_Excerpted data:_
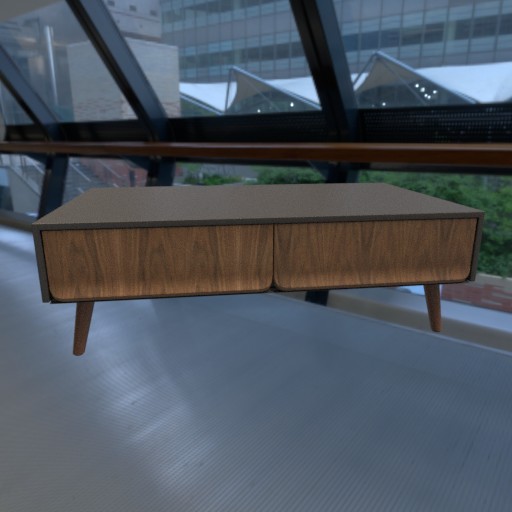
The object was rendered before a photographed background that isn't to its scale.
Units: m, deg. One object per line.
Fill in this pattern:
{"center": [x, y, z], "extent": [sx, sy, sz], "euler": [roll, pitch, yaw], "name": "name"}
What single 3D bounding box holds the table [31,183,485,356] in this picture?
{"center": [0.000, 0.000, 1.537], "extent": [1.201, 0.404, 0.703], "euler": [-2, 16, -8], "name": "table"}
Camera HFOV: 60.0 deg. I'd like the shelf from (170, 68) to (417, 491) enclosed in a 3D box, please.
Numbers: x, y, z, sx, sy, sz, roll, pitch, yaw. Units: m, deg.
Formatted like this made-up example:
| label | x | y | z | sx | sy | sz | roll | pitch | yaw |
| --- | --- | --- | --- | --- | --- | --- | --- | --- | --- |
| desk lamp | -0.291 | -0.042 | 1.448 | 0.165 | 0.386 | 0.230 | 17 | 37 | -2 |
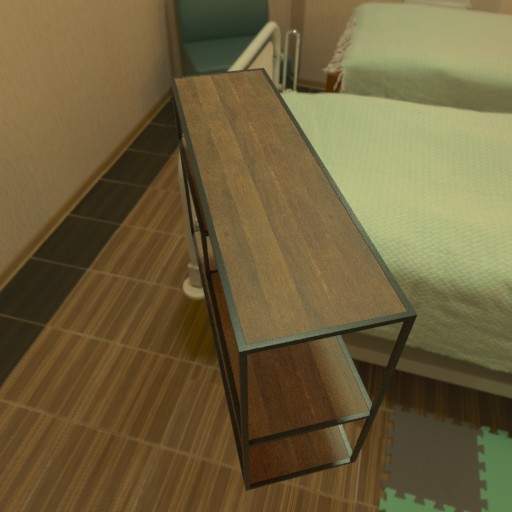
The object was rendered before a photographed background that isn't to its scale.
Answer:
| label | x | y | z | sx | sy | sz | roll | pitch | yaw |
| --- | --- | --- | --- | --- | --- | --- | --- | --- | --- |
| shelf | 0.000 | 0.000 | 1.512 | 0.361 | 0.765 | 1.201 | -10 | 46 | -10 |
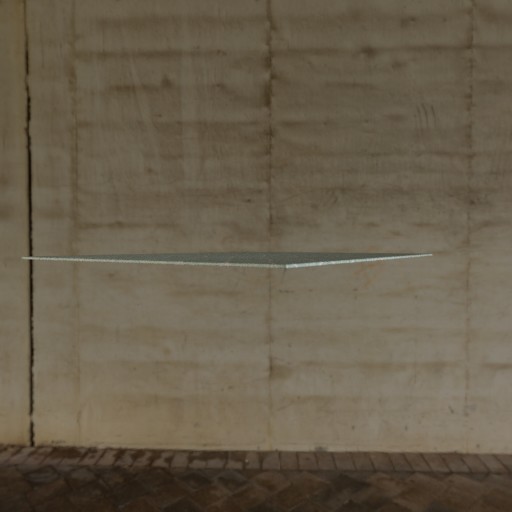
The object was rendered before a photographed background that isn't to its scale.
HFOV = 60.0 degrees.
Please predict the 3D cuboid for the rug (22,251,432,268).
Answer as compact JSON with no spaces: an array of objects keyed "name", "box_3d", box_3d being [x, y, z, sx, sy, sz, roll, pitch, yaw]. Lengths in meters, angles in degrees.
[{"name":"rug","box_3d":[0.000,0.000,4.084,2.420,0.019,3.039,1,2,34]}]

_Task description:_
Look over the records above, and wherever a line contains the string "Units", copy that line.

_Response area:_
Units: m, deg. One object per line.
Numbers: x, y, z, sx, sy, sz, roll, pitch, yaw. Units: m, deg.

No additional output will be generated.